If U.S. policymakers decide to ensure that peacekeeping receives proper funding and democratic support—and they should—then Washington must take several critical steps. First and foremost, the United States needs to pay what it owes. As the largest funder of the UN’s Department of Peace Operations, the U.S. government plays an important leadership role in authorizing and shaping UN missions. To convince other countries to contribute financially, the United States needs to set a better example by paying its own assessed dues.
Beijing has weaponized peacekeeping to promote its interests.
Second, the United States must convince the other four permanent members of the UN Security Council—China, France, Russia, and the United Kingdom—to work together on peacekeeping. These powers are sometimes tempted to use missions as a means to advance their own strategic priorities. But they all have a shared interest in stopping civil wars, which breed extremism and terrorism and fuel refugee crises. They must find common ground on peacekeeping, especially during a time of rising interstate competition. They cannot let the kind of rivalry that impeded peacekeeping throughout the Cold War become an insurmountable barrier to using this effective instrument today.

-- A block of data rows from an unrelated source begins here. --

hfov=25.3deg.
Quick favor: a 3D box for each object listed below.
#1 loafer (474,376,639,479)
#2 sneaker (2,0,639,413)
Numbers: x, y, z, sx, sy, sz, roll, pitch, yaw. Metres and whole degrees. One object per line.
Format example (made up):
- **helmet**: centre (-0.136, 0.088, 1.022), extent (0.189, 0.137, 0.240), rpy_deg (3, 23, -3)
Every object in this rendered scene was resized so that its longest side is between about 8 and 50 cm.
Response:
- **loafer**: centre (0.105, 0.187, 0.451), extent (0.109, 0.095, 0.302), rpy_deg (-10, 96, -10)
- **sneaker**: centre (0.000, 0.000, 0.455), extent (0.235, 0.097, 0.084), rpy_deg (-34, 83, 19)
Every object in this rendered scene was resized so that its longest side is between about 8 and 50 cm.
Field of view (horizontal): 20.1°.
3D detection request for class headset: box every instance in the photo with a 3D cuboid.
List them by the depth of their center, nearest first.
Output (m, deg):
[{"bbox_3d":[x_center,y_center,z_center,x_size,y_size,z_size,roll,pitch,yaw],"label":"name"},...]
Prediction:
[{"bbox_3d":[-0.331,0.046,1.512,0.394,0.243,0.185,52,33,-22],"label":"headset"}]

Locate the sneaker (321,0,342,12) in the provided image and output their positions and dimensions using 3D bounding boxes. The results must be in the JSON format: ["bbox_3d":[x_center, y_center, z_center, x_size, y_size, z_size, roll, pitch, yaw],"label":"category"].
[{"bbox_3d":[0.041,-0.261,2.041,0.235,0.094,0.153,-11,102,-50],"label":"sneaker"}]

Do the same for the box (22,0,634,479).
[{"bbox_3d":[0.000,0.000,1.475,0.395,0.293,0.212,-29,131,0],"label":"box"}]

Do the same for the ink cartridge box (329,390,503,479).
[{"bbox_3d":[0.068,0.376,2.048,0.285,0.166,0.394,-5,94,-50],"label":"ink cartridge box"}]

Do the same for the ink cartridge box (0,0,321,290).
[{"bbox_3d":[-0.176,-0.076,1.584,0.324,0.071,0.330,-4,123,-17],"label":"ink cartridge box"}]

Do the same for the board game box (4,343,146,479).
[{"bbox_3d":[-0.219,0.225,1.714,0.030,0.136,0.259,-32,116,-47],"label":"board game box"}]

Finally, the United States, along with other UN member states, should use what it knows about successful peacekeeping to make operations even more effective. That means countries must invest in preventive missions rather than authorizing deployments only after violence has broken out, as is currently typical. Member states should promptly respond when asked by the United Nations to provide critical armed capabilities, such as police units, but also when asked to provide unarmed resources—including field hospitals, monitors, mediation teams, and female personnel. As our own research has shown, the political and economic levers of peacekeeping are at least as effective, if not more so, than brute military strength. The presence of peacekeeping monitors, for example, can reduce the risk that armed groups will conduct surprise attacks, make it easier for aid to reach conflict zones, increase diplomatic support for peace, and often influence domestic opinion by making residents more supportive of nonviolent discourse. Peacekeepers can also help belligerents communicate with one another and help moderate disputes before they escalate.
After decades of counterinsurgencies, Americans are wary of military commitments abroad. The United States, after all, has not had a lot of success in ending many of the conflicts in which it has intervened. That said, the number of civil wars around the planet is increasing, and like it or not, the international community will need to become more engaged in trying to stop internecine conflicts. Thankfully, in United Nations peacekeeping, leaders have a collaborative and cost-effective tool they can deploy to resolve these conflicts and protect civilians. But to meet the world’s needs, U.S. policymakers have to provide the UN with more support and funding. That means they—and the people they represent—must first understand just how valuable peacekeeping has been.